Work to complete: Within the records, find every line that includes the word "each" and copy it.

»»

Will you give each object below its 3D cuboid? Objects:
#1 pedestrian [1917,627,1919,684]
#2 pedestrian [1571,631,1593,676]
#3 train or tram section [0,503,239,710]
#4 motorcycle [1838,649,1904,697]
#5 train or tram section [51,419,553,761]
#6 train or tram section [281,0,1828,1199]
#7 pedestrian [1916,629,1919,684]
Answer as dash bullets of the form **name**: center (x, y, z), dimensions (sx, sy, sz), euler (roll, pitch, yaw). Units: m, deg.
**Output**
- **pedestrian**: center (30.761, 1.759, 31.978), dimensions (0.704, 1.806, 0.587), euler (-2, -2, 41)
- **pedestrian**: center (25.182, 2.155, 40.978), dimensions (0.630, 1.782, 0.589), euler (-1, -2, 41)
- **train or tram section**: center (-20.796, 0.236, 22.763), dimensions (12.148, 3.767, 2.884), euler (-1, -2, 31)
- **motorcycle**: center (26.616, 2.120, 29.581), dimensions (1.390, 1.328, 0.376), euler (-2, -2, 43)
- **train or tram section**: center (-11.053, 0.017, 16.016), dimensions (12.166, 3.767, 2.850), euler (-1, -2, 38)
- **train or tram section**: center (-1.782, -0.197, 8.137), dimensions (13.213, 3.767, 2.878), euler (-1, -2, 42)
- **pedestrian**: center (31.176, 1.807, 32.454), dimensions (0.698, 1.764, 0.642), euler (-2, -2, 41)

««
»»

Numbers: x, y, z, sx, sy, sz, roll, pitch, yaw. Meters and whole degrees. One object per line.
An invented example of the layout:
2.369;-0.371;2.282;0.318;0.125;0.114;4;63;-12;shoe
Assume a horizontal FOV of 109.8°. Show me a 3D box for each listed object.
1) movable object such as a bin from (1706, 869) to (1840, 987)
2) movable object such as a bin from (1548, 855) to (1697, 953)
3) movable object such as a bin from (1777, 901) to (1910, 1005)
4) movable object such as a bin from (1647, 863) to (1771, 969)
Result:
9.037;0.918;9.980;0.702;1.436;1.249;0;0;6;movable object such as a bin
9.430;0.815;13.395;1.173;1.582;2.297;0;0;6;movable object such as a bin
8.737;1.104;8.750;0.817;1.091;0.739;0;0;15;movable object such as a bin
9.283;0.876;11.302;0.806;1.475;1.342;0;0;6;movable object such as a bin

««
»»

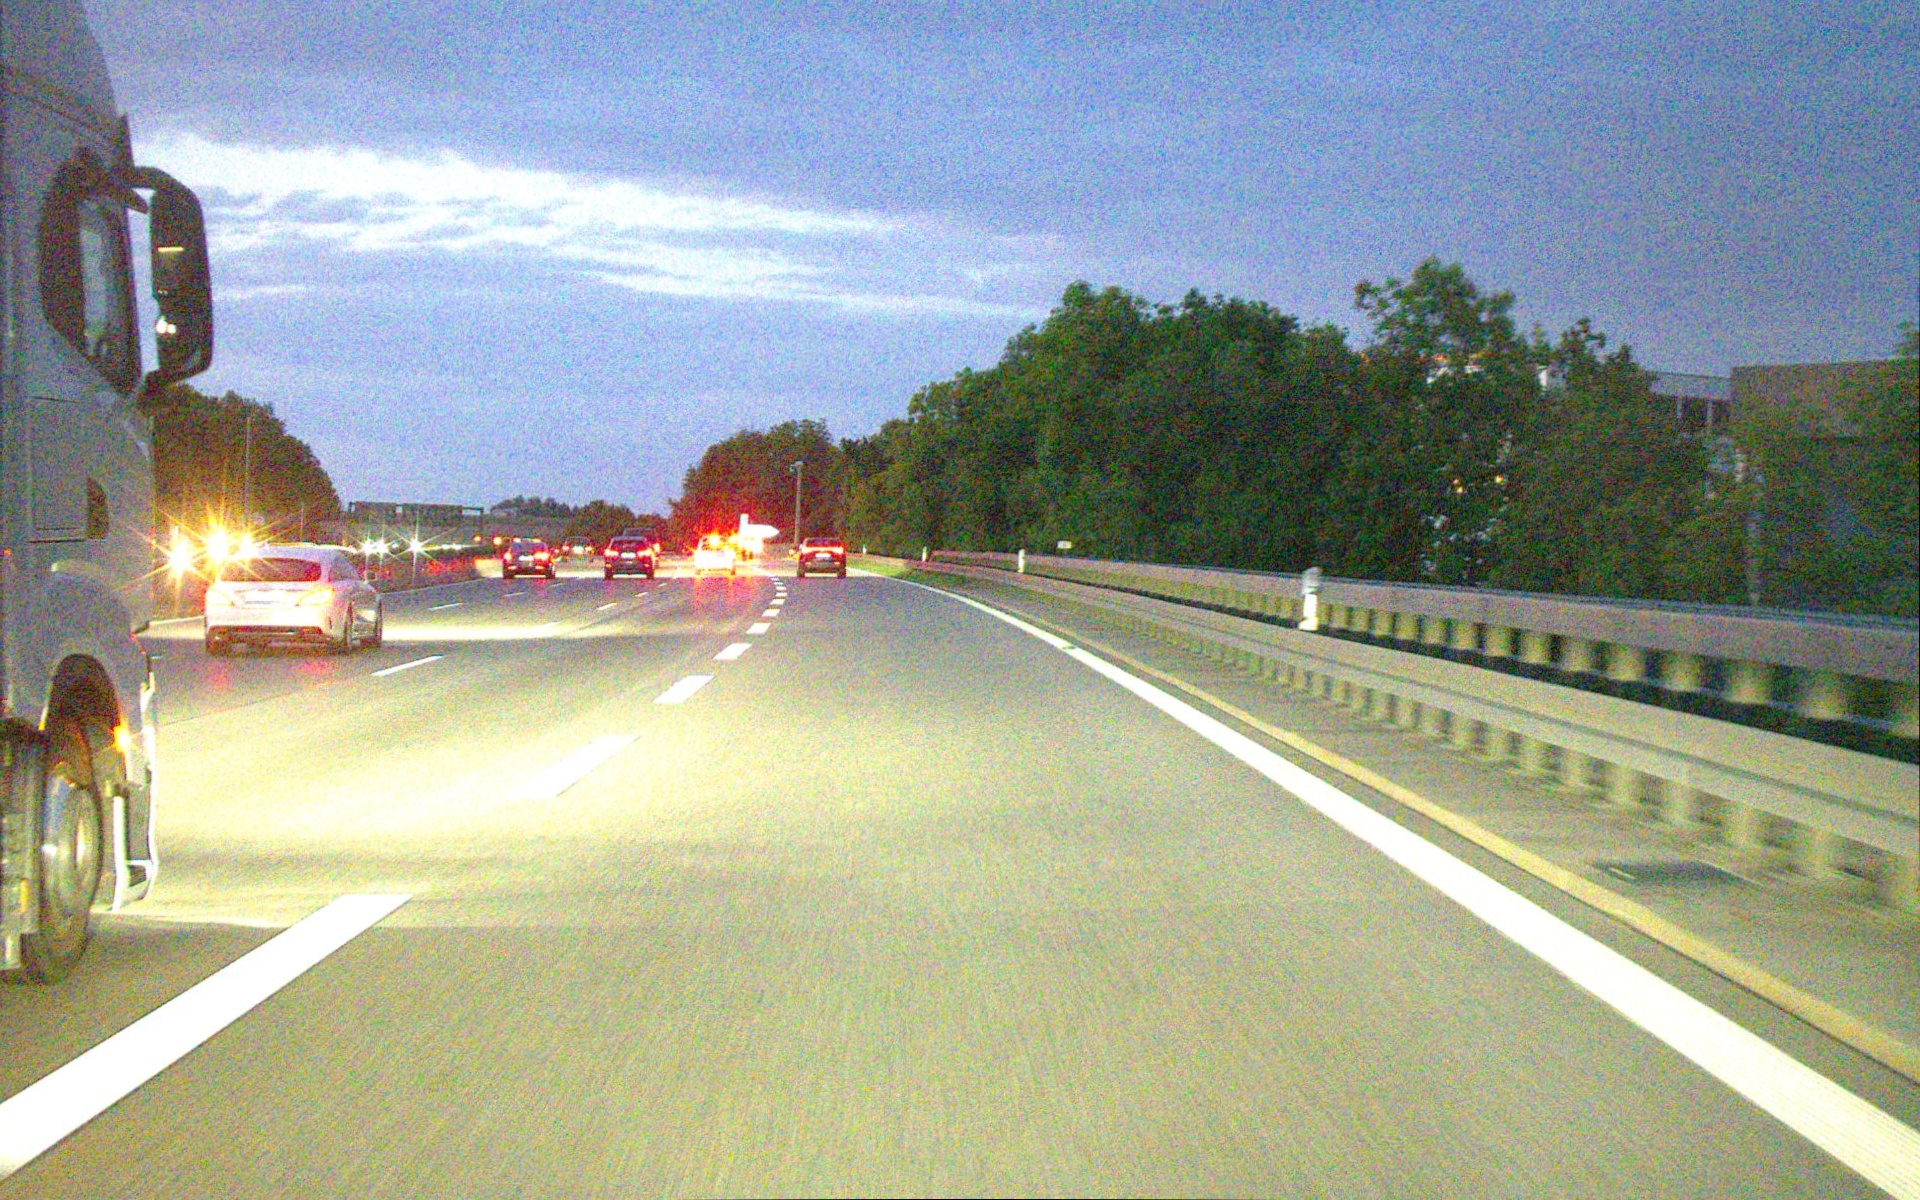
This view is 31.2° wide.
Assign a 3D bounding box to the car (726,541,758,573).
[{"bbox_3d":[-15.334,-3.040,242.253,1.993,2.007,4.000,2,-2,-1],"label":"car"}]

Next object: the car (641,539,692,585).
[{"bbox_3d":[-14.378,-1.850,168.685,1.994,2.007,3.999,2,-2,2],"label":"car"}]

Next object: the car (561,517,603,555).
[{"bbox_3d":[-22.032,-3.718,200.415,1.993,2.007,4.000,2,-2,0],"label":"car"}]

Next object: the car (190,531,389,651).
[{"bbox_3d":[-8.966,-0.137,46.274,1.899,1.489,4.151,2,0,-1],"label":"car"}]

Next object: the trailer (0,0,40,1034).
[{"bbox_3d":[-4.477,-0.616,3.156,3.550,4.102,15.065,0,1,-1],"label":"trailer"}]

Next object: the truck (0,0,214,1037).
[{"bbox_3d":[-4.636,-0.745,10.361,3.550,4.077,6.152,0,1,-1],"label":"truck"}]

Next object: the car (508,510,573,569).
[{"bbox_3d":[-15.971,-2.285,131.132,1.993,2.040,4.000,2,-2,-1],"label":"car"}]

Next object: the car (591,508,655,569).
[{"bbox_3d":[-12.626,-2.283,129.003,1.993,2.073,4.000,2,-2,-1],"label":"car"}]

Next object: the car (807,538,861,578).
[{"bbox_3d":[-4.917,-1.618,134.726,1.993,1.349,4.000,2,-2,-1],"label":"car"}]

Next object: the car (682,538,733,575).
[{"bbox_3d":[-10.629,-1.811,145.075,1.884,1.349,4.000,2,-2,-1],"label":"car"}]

««

Your solution:
Will you give each object below its 3D cuboid? Objects:
Assume a horizontal FOV of 109.8°. Show me a 3D box for each listed object.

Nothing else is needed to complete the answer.